| Task instructions |
Extract from the entries below, exactly as given, only the lines from the line containing "25) cardboard box <box>1624,23,1661,55</box>" to the line containing "Format: CSV with", both lines included.
——
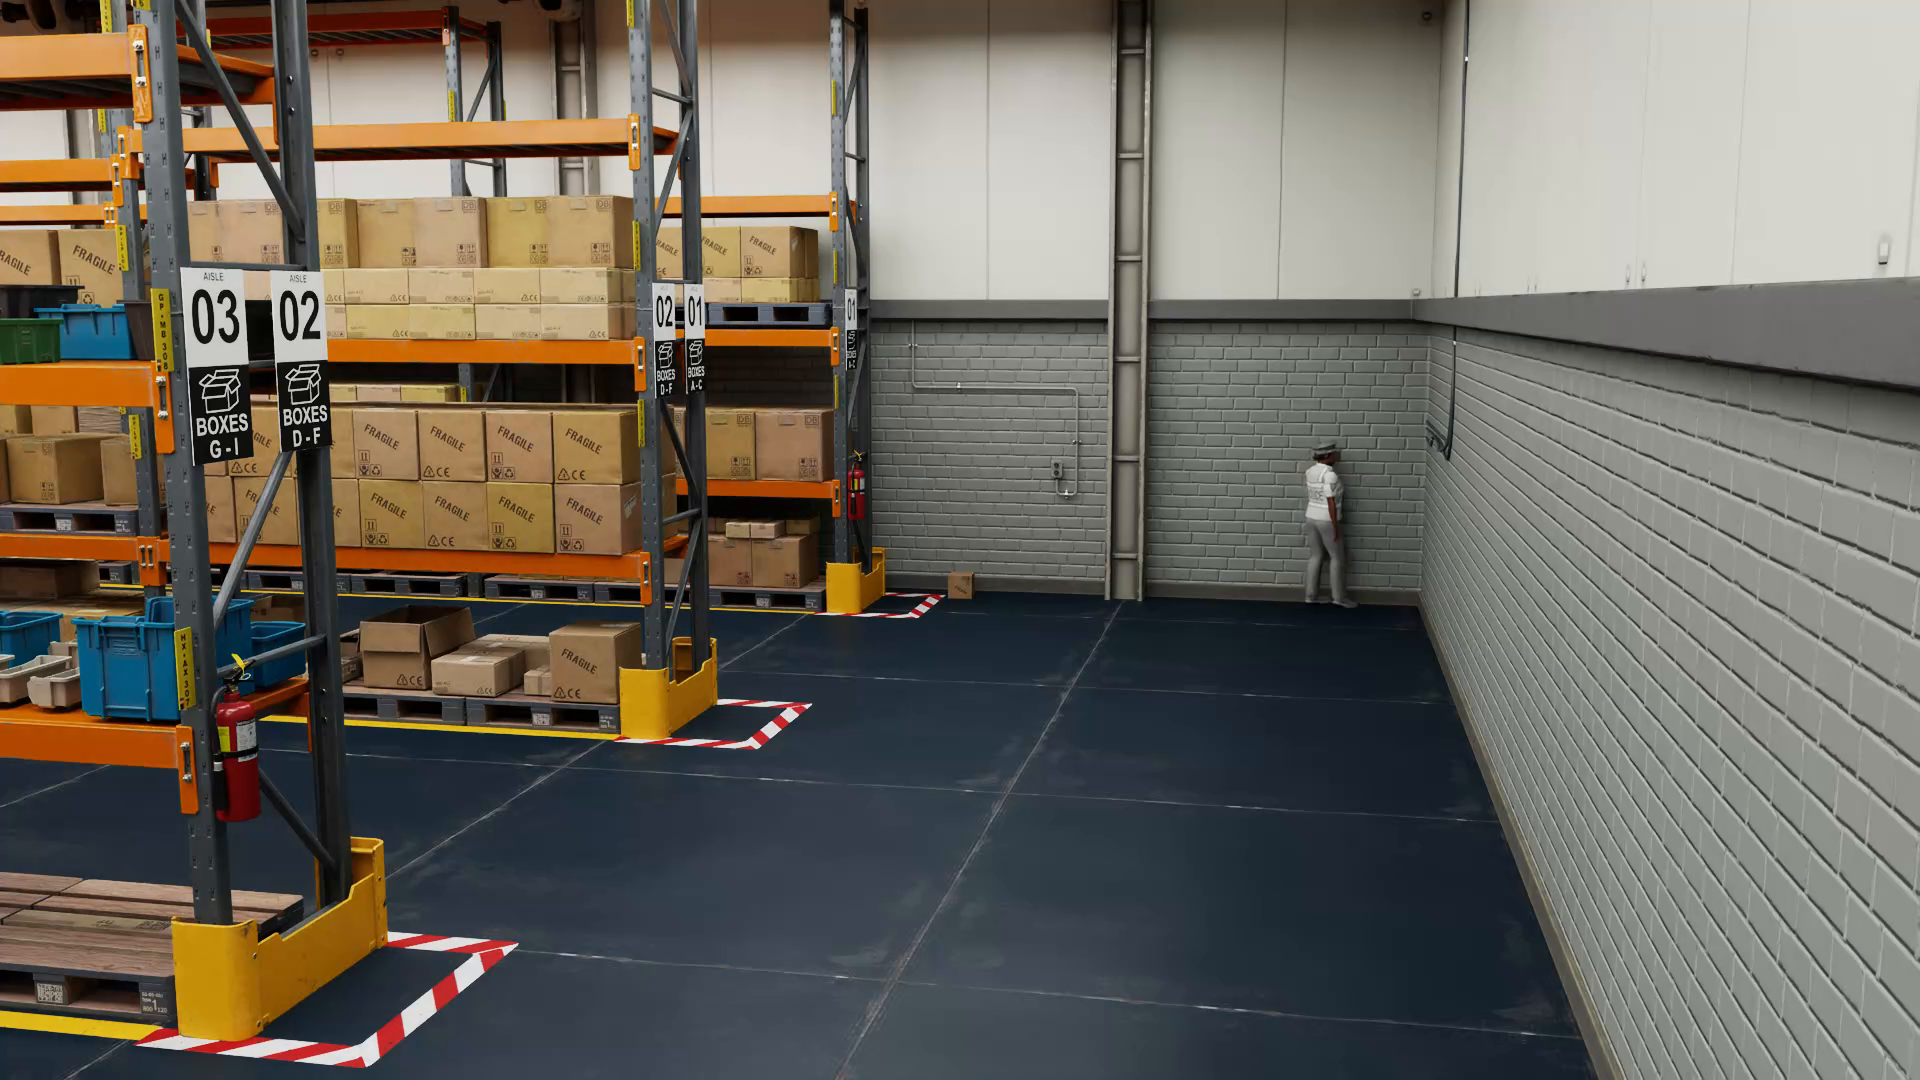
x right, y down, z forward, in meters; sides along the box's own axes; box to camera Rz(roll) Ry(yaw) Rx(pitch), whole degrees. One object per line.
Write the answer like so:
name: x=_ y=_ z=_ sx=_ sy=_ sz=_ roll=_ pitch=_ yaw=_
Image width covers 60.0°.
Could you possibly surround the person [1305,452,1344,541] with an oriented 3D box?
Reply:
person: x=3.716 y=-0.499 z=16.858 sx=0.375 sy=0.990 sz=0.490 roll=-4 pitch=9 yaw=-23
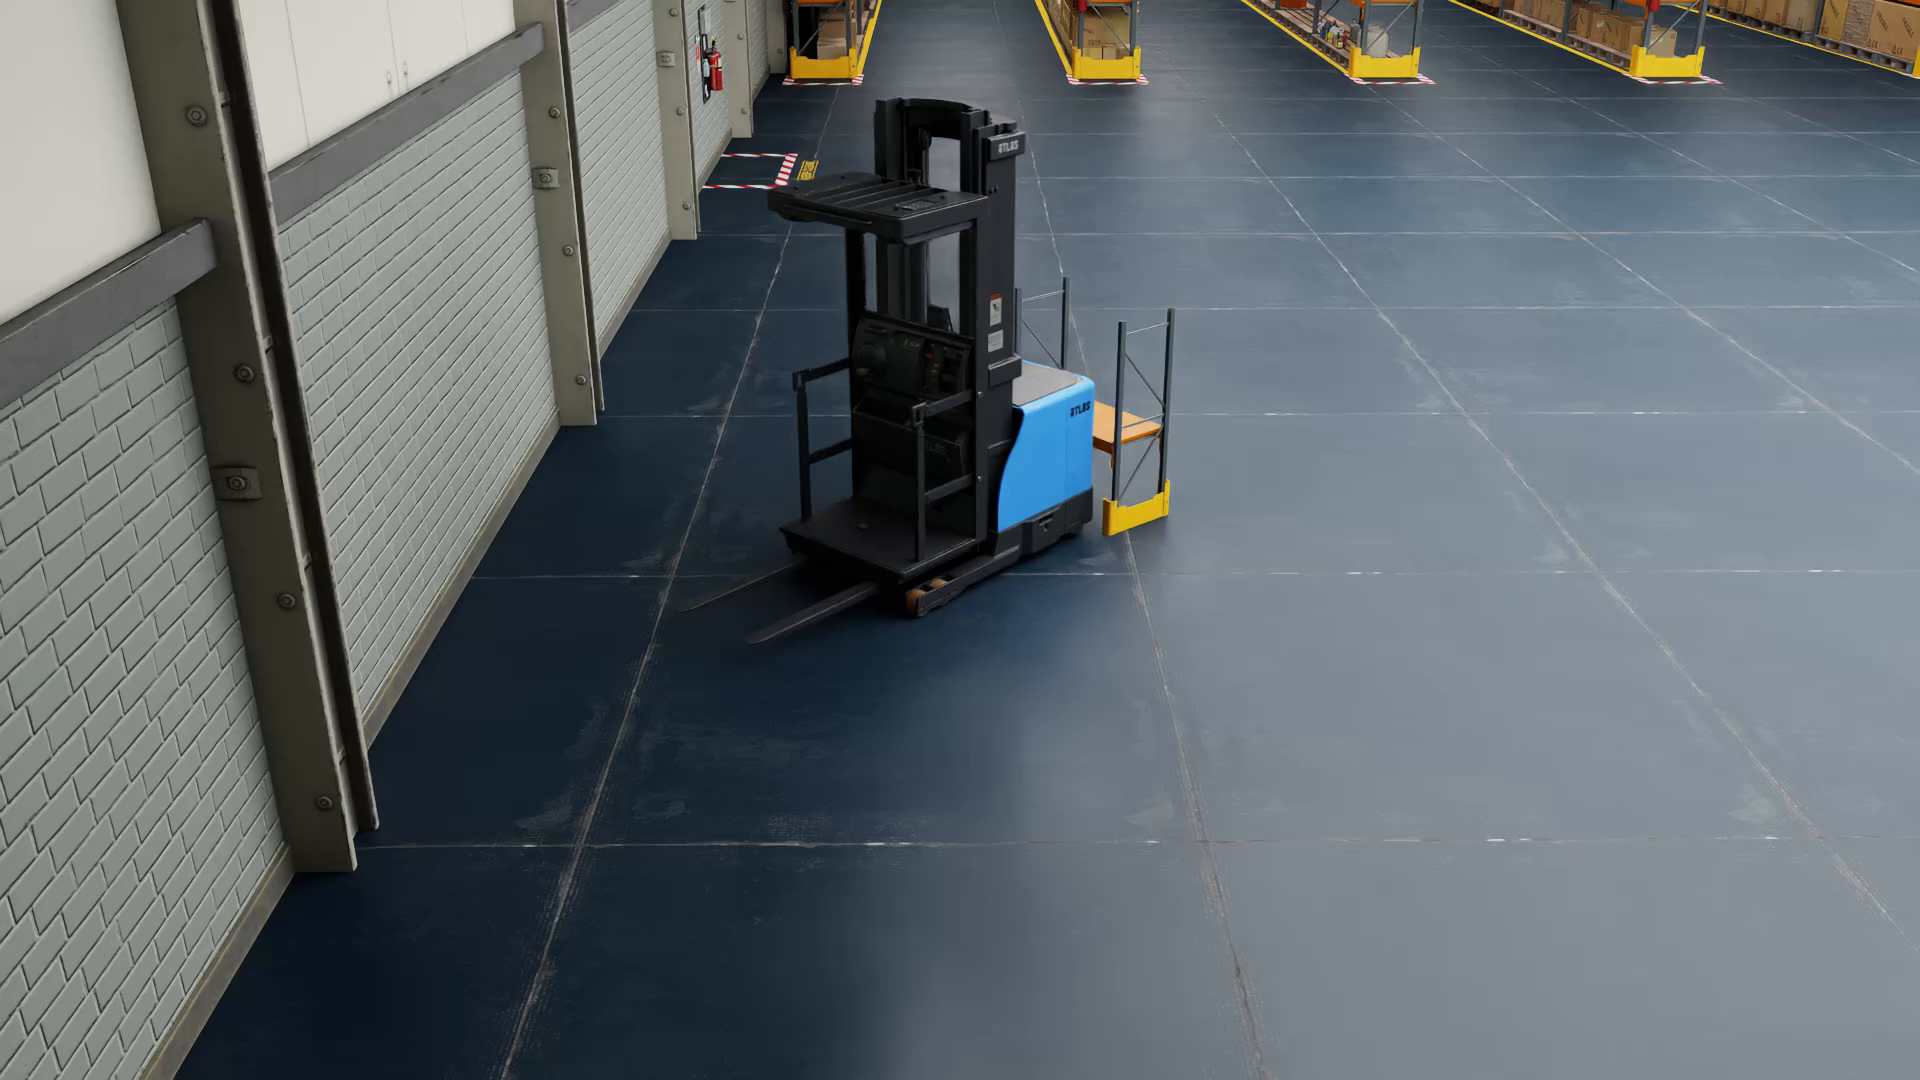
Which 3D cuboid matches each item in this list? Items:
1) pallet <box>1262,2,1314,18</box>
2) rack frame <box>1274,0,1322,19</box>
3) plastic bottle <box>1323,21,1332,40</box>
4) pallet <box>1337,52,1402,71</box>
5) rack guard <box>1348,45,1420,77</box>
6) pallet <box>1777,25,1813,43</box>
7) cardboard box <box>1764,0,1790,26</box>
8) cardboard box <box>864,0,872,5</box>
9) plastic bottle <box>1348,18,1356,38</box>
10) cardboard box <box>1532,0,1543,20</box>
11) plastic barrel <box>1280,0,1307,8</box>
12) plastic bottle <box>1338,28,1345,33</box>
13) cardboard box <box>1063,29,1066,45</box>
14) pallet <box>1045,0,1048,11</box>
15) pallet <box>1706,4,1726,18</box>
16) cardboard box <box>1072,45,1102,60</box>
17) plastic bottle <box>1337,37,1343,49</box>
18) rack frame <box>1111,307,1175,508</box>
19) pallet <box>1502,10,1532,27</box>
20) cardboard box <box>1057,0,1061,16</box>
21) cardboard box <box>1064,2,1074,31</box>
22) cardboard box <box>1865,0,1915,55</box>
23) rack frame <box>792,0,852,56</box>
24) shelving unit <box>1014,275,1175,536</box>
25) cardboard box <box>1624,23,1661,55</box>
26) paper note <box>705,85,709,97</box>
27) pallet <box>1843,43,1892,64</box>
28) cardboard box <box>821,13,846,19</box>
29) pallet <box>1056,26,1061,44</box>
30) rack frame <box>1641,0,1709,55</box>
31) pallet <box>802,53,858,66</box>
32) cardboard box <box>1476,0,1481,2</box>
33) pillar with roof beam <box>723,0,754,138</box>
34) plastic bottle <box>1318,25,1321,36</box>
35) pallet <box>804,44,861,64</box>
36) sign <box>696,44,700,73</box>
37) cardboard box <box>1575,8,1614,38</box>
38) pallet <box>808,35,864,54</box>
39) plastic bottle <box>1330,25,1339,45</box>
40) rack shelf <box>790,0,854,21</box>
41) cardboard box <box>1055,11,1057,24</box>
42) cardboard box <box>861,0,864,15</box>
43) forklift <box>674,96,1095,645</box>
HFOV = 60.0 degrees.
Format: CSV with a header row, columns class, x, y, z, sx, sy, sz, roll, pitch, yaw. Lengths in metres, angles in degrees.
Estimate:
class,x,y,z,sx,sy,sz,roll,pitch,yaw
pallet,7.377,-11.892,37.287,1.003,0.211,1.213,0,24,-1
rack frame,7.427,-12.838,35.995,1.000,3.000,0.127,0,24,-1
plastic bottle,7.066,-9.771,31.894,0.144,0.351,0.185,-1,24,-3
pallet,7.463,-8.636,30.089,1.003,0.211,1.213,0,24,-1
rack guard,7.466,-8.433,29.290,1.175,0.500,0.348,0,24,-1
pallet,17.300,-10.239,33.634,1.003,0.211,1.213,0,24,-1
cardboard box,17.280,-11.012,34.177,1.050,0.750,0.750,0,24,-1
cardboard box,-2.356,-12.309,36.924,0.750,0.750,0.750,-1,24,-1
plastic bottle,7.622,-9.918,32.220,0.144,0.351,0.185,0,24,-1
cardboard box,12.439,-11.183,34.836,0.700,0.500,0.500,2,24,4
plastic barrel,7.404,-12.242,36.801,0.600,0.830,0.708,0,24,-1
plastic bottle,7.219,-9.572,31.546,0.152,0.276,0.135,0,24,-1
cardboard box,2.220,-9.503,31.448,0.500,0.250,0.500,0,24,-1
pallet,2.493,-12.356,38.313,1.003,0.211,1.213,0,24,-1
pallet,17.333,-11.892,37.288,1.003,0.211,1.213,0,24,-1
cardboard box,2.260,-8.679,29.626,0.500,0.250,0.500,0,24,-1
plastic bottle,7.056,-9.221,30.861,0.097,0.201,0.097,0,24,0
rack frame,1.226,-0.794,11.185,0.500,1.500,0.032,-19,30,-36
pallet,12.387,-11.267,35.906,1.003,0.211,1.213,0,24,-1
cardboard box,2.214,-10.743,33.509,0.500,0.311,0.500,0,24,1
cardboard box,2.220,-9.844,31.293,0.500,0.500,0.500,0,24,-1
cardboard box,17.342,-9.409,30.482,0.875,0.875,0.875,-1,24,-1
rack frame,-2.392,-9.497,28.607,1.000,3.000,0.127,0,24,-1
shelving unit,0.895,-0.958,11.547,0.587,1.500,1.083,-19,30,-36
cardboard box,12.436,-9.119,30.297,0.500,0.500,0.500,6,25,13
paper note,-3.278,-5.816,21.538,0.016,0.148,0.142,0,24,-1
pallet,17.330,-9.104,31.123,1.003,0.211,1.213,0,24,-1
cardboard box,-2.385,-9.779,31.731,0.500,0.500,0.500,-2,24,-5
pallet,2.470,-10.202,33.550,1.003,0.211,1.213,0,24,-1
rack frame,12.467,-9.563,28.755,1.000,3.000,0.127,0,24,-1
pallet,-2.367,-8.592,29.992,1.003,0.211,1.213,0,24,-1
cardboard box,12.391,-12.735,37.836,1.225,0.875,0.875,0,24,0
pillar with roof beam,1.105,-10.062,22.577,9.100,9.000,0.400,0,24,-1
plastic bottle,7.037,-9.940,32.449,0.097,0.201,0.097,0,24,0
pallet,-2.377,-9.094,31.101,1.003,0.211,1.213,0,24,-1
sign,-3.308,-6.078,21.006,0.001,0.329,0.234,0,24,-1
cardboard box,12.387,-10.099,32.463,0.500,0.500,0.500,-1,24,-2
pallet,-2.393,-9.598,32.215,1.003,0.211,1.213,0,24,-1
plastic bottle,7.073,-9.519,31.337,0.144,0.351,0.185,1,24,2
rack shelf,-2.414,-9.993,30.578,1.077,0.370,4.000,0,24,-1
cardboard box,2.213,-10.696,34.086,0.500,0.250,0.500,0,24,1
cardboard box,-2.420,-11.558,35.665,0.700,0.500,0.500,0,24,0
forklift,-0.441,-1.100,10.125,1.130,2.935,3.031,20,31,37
——
| Finished task |
25) cardboard box <box>1624,23,1661,55</box>
26) paper note <box>705,85,709,97</box>
27) pallet <box>1843,43,1892,64</box>
28) cardboard box <box>821,13,846,19</box>
29) pallet <box>1056,26,1061,44</box>
30) rack frame <box>1641,0,1709,55</box>
31) pallet <box>802,53,858,66</box>
32) cardboard box <box>1476,0,1481,2</box>
33) pillar with roof beam <box>723,0,754,138</box>
34) plastic bottle <box>1318,25,1321,36</box>
35) pallet <box>804,44,861,64</box>
36) sign <box>696,44,700,73</box>
37) cardboard box <box>1575,8,1614,38</box>
38) pallet <box>808,35,864,54</box>
39) plastic bottle <box>1330,25,1339,45</box>
40) rack shelf <box>790,0,854,21</box>
41) cardboard box <box>1055,11,1057,24</box>
42) cardboard box <box>861,0,864,15</box>
43) forklift <box>674,96,1095,645</box>
HFOV = 60.0 degrees.
Format: CSV with a header row, columns class, x, y, z, sx, sy, sz, roll, pitch, yaw. Lengths in metres, angles in degrees.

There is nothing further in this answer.